DESCRIPTION (provided by applicant): In vitro analysis of exfoliated cells plays an important role in disease screening and clinical diagnosis. An accurate cytological diagnosis depends largely on the ability to detect changes in cellular and nuclear structural characteristics of individual single cells. The diffraction-limited resolution of a conventional light microscope limis the detection of mostly micron-scale features of cancer cells, which result in intra-observer variation, missed early-stage cancers (false negatives), and indeterminate cases that often result in unnecessary invasive procedures in the absence of cancer (false positives). Technologies that perform high-speed, accurate, quantitative and cost-effective cytological analysis and are suitable for routine clinic use are urgently needed. Cellular nanoscale structural changes represent a promising strategy for identifying pre-cancerous or cancerous cells. We have recently developed two complementary techniques, both of which can assess nanoscale structural characteristics at the single-cell level: quantitative phase microscopy and spectral-encoding of spatial frequency (SESF). We demonstrated their ability to detect structural changes in pre-cancerous cells missed by conventional light microscopy. We propose to develop a new advanced microscopy that integrates the complementary attributes of these two techniques to perform real-time quantitative structural imaging and high-speed and comprehensive nanoscale structural analysis of label-free single cells in their natural state for use in both research and clinical applications. The technical performance of this microscopy system will be characterized and their ability to analyze nanoscale structures will be rigorously validated. It will be optimized for routine clinical use to analyze unstained exfoliative cytology specimens by developing cell segmentation algorithm and multi-metric structural analysis. We will focus on two large-volume and clinically challenging cytology specimens as our disease models: cervical and urine cytology. The accuracy of the system will be tested using a relatively large scale of cervical and urine cytology specimens via a training and a validation set. If successful, this technique could be used to support conventional cytology for accurate, quantitative, high-speed, comprehensive and cost-effective cytological analysis to improve the diagnostic accuracy and prevent costly unnecessary procedures.
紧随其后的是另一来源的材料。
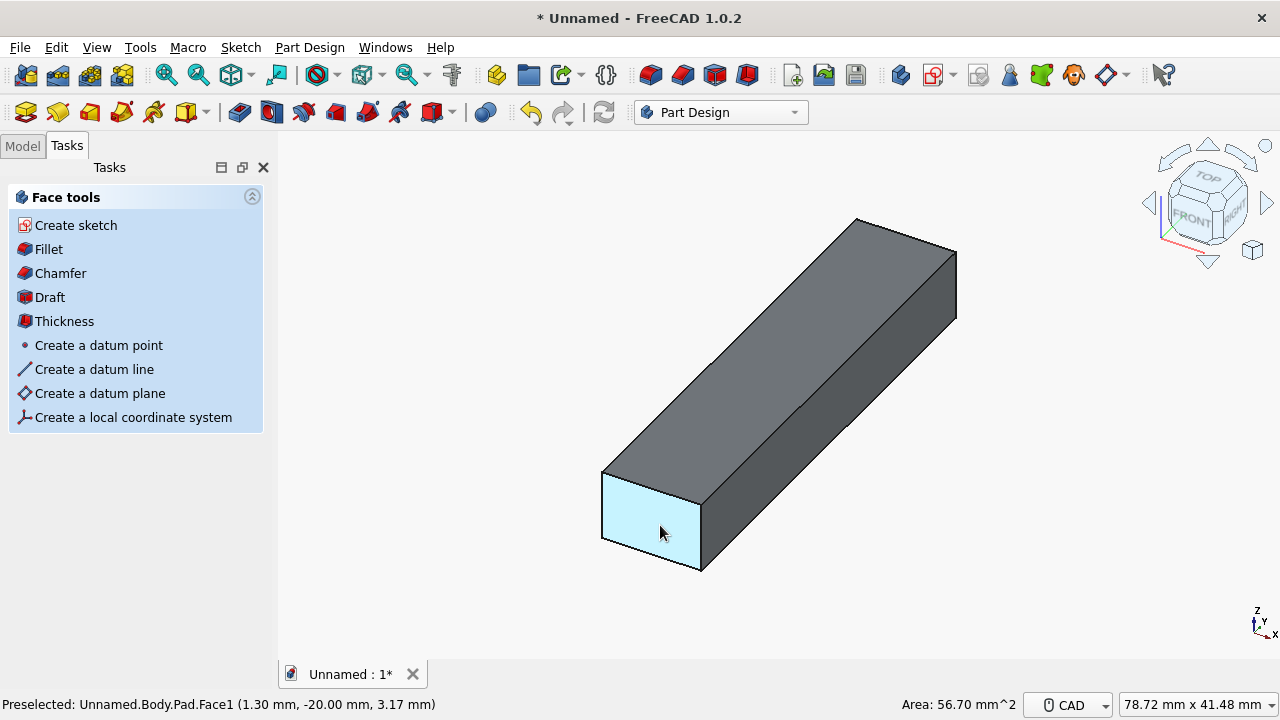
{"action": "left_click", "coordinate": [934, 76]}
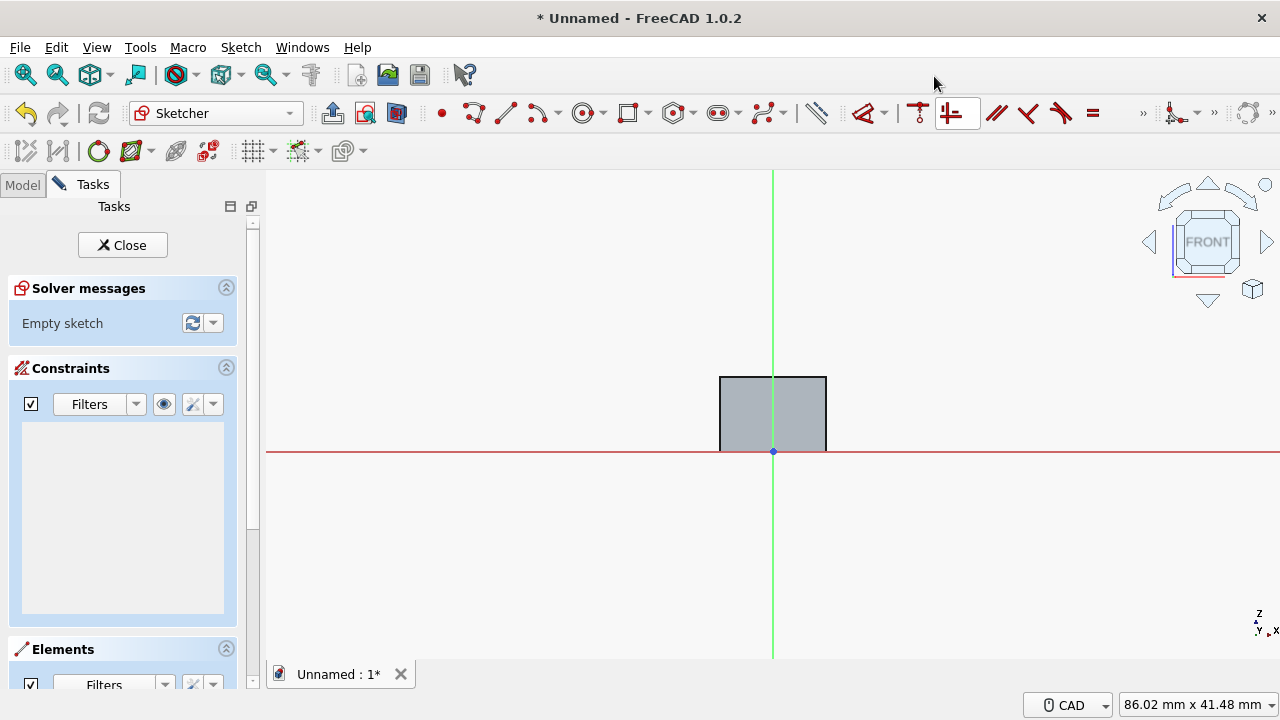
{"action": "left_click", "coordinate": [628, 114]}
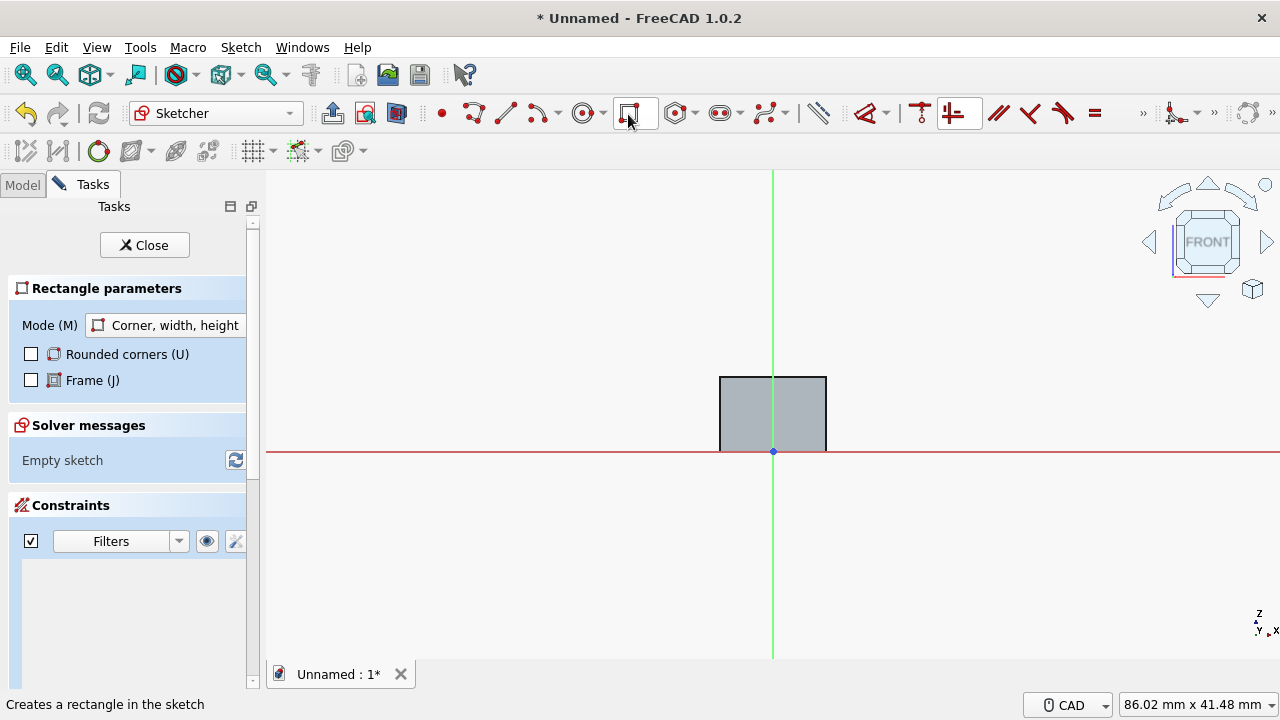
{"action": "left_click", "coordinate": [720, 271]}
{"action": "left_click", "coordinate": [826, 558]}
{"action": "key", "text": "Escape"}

描述(申请人提供)：脱落细胞的体外分析在疾病筛查和临床诊断中起着重要作用。准确的细胞学诊断在很大程度上取决于检测单个单细胞的细胞和核结构特征变化的能力。传统光学显微镜的衍射受限分辨率限制了对癌细胞主要微米级特征的检测，这会导致观察者内部的差异，错过早期癌症(假阴性)，以及经常导致在没有癌症的情况下进行不必要的侵入性手术的不确定病例(假阳性)。迫切需要进行高速、准确、定量和经济有效的细胞学分析并适合常规临床使用的技术。细胞纳米结构 改变代表了一种很有前途的识别癌前细胞或癌细胞的策略。我们最近开发了两种互补的技术，这两种技术都可以在单细胞水平上评估纳米级的结构特征：定量相位显微镜和空间频率的光谱编码(SESF)。我们证明了它们能够检测到常规光学显微镜遗漏的癌前细胞的结构变化。我们建议开发一种新的先进显微镜，它集成了这两种技术的互补属性，可以对自然状态下的无标记单细胞进行实时定量结构成像和高速、全面的纳米级结构分析，用于研究和临床应用。这种显微镜系统的技术性能将得到表征，其分析纳米级结构的能力将得到严格验证。通过开发细胞分割算法和多尺度结构分析，分析未染色的脱落细胞学标本将优化为常规临床使用。我们将专注于两个具有临床挑战性的大容量细胞学样本作为我们的疾病模型：宫颈细胞学和尿细胞学。该系统的准确性将通过培训和验证集使用相对较大规模的宫颈和尿液细胞学样本进行测试。如果成功，这项技术可用于支持传统细胞学进行准确、定量、高速、全面和经济有效的细胞学分析，以提高诊断准确性，避免昂贵的不必要的程序。

项目成果

Stochastic Optical Reconstruction Microscopy (STORM).

随机光学重建显微镜（STORM）。

• DOI: 10.1002/cpcy.23
• 发表时间: 2017
• 期刊: Current protocols in cytometry
• 作者: Xu,Jianquan;Ma,Hongqiang;Liu,Yang
• 通讯作者: Liu,Yang

Super-Resolution Imaging of Higher-Order Chromatin Structures at Different Epigenomic States in Single Mammalian Cells.
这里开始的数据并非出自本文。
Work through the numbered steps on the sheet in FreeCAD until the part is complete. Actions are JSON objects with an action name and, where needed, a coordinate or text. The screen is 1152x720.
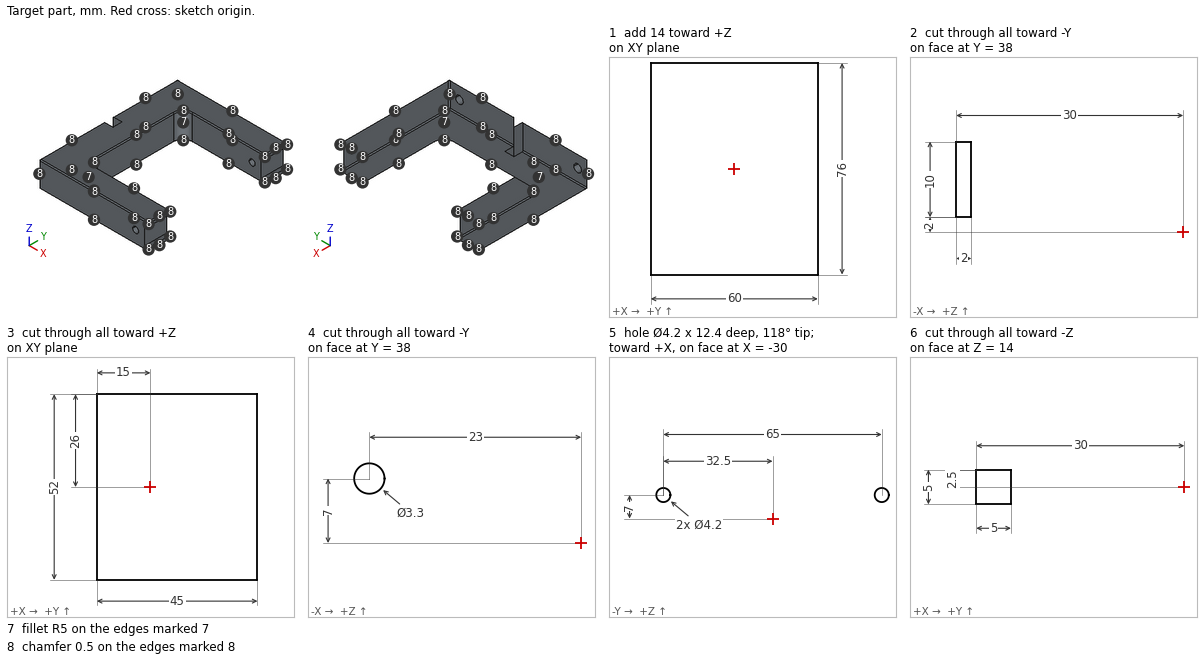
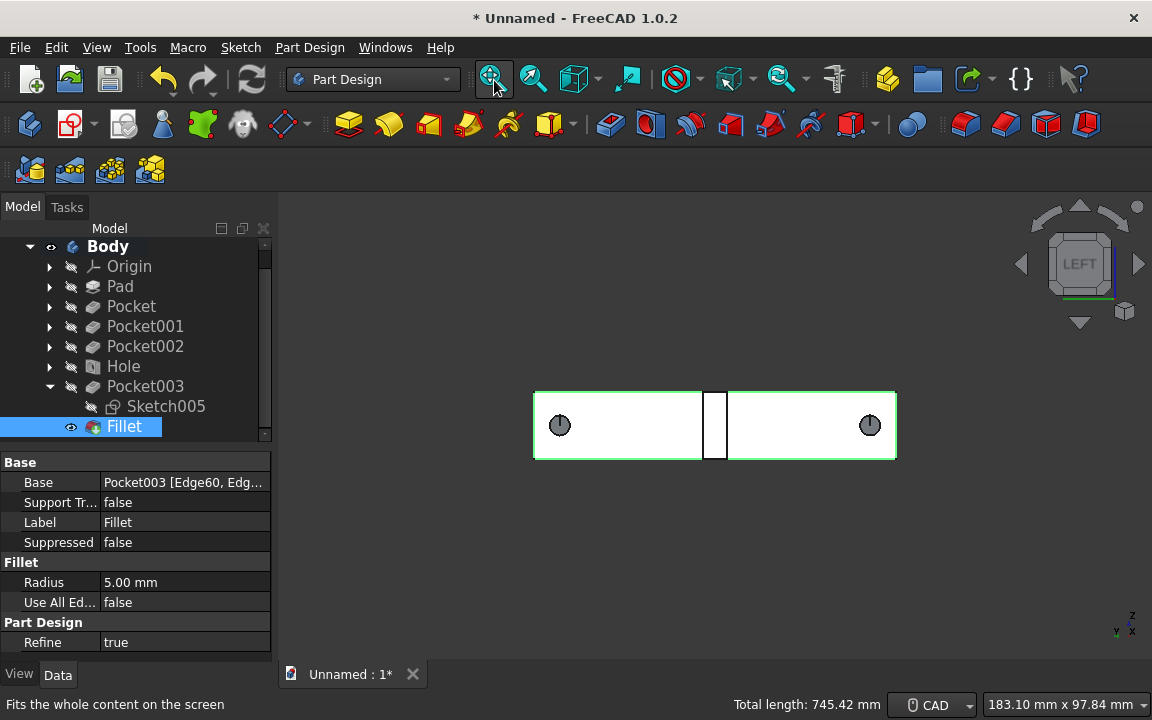
{"action": "key", "text": "v 3"}

• DOI: 10.1016/j.celrep.2018.06.085
• 发表时间: 2018-07-24
• 期刊: Cell reports
• 影响因子: 8.8
• 作者: Xu J;Ma H;Jin J;Uttam S;Fu R;Huang Y;Liu Y
• 通讯作者: Liu Y

Targeted DNA damage at individual telomeres disrupts their integrity and triggers cell death.

• DOI: 10.1093/nar/gkv598
• 发表时间: 2015-07-27
• 期刊: Nucleic acids research
• 影响因子: 14.9
• 作者: Sun L;Tan R;Xu J;LaFace J;Gao Y;Xiao Y;Attar M;Neumann C;Li GM;Su B;Liu Y;Nakajima S;Levine AS;Lan L
• 通讯作者: Lan L

Nuclear Nano-architecture Markers of Gastric Cardia and Upper Squamous Esophagus Detect Esophageal Cancer "Field Effect".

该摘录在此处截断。